The UFO community jumped on the Project Serpo story and its seemingly official whistleblower status, and many researchers were completely taken in by it all. The story made the rounds heavily on UFO-related and paranormal sites, and appeared on various paranormal radio programs and in countless articles, but at the same time cracks were starting to appear in the whole thing. The list of problems brought up with the whole Project Serpo story are numerous. One rests on one of the main informants in the case, Sergeant Richard Doty, who has been involved with spreading information about other UFO-relates cases and has largely been seen in the UFO community as unreliable and discredited. The various other supposed insiders who have stepped forward have largely proven to be unverifiable, with no way to know if they even have the credentials they say they do. It does not help that many of these whistleblowers have given conflicting and contradictory information with regards to the projects, and details have changed over time and with different versions of the story. Adding to all of this are the numerous inconsistencies, mathematical errors, and apparent lack of understanding of science, astronomy and physics demonstrated in these “official documents.” For instance, how does a ship travel 40 times the speed of light, and even if that were possible, how would it get 40 light years away in just 10 months? This is not to mention how such quick communications back and forth were made from Roswell to Serpo, with a message being expected to take 80 years from sending it to getting a reply. The report is riddled with oddities like this.
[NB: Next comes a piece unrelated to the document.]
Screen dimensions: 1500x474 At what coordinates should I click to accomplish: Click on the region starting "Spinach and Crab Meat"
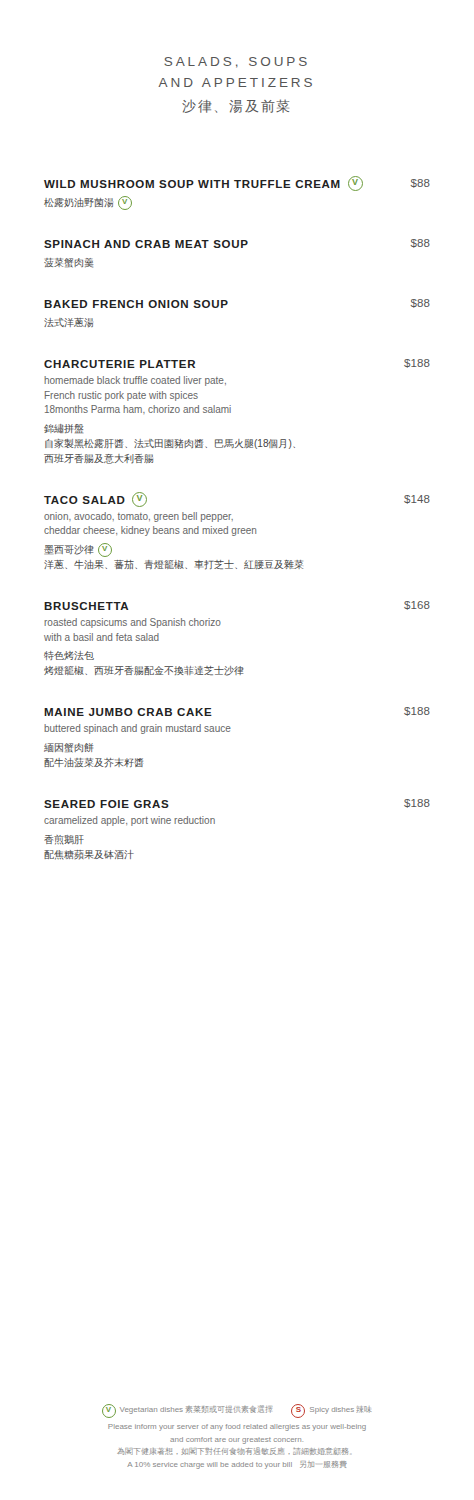click(237, 253)
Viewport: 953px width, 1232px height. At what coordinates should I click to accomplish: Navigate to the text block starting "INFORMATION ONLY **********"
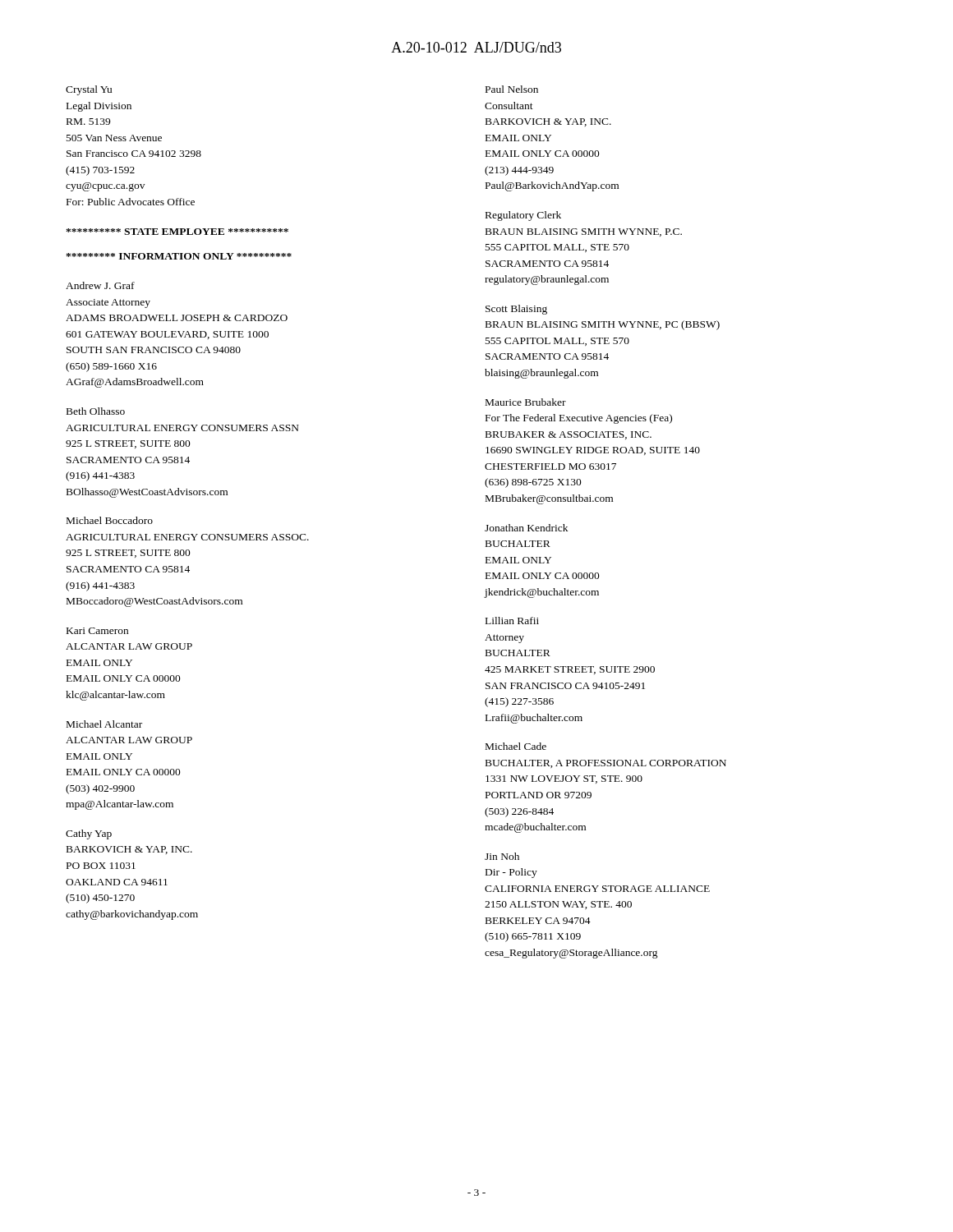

Perhaps most damning of all is that there has never been any hard evidence put forward for any of it. Nothing concrete has been turned up, no actual documents or diary, and it is all based on very official sounding, yet largely anonymous “whistleblowers,” the main one being a known spreader of disinformation. Also convenient is that all of the team that supposedly took part in the program have supposedly since passed away, so there is no way to possibly track them down. It is all an entertaining story that with all of the mention of official top secret documents sounds very intriguing and real, but which ultimately has no substance to it. Due to all of this, Project Serpo has mostly been deemed to have been a fiction and a hoax, either to troll the UFO community or as viral marketing, which sadly managed to trick many researchers who spread it around as factual. Indeed, Project Serpo has even been largely scoffed at even by Ufologists. In the meantime, many of those involved have continued to insist it is all real. Is it an elaborate hoax or is there something more to it? Whatever the case may be, it is all a very entertaining tale at the very least, and one of the weirder supposed events in Ufology.